=== DATA FOR REVIEW ===

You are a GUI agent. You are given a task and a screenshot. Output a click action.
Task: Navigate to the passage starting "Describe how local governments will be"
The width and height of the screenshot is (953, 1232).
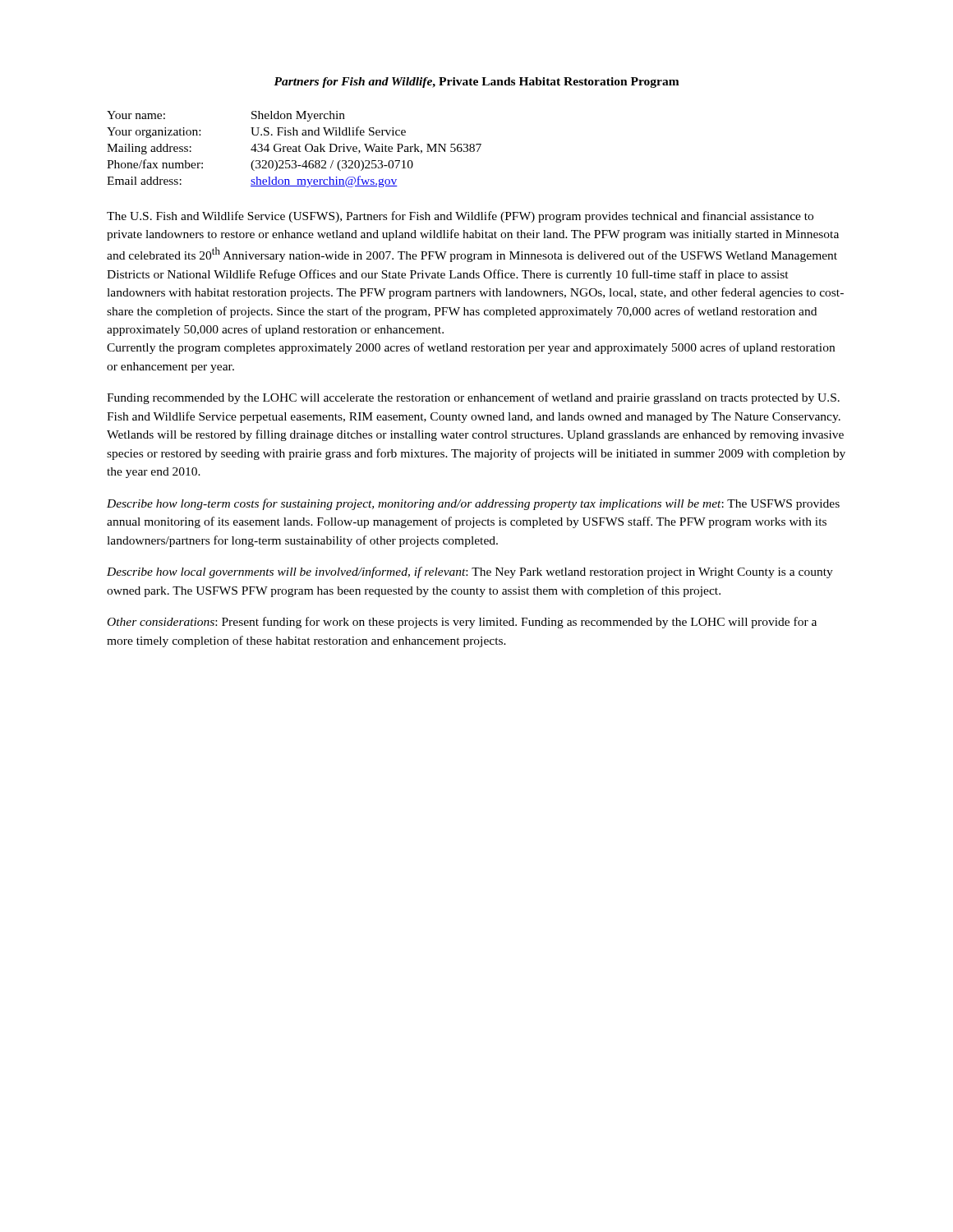pyautogui.click(x=476, y=581)
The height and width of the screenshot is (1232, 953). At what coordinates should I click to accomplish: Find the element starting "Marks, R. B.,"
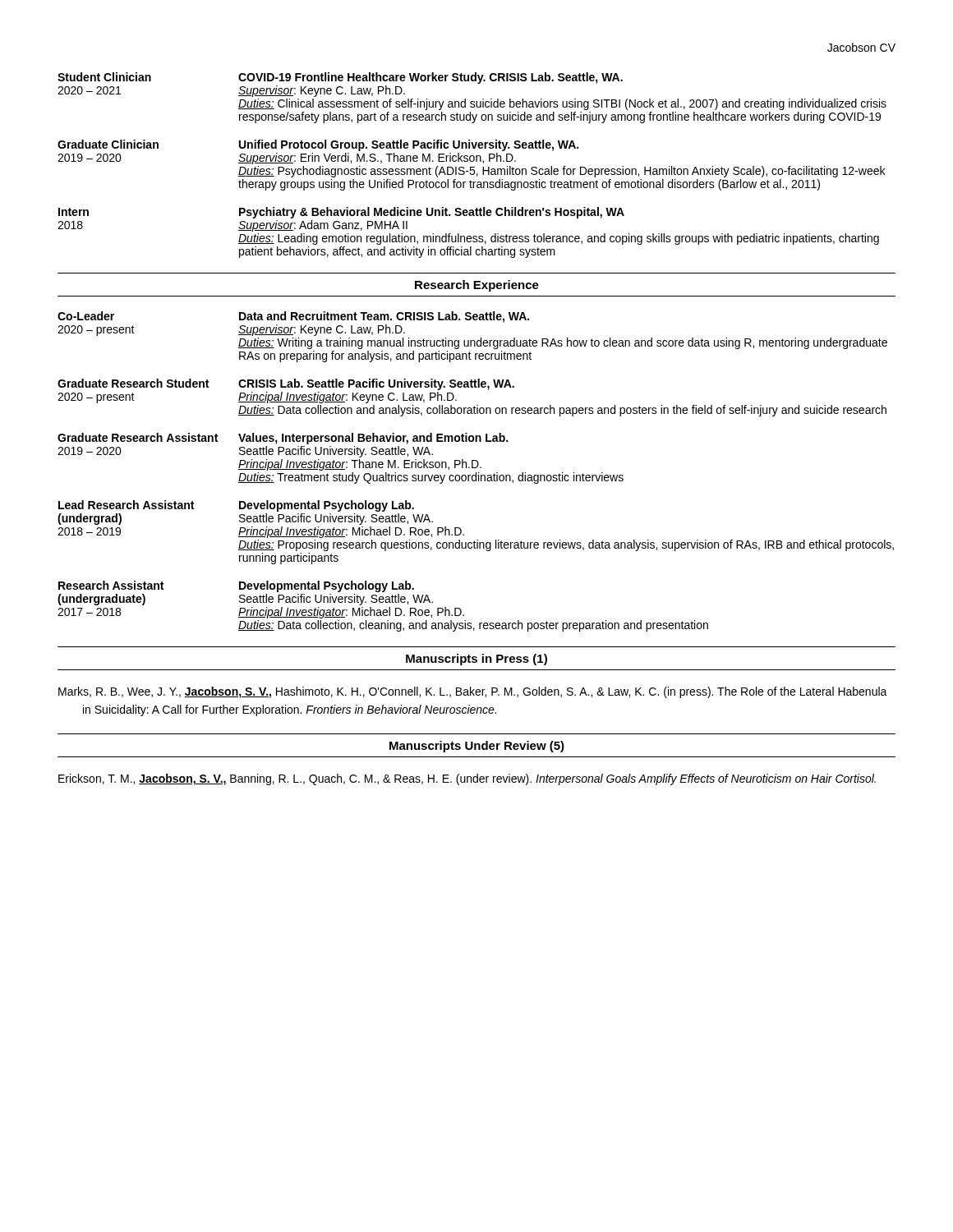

===

**TASK OBJECTIVE**
Lines in the data holding the word "starting": count them and say how many, nothing more.

**WRITTEN REPLY**
2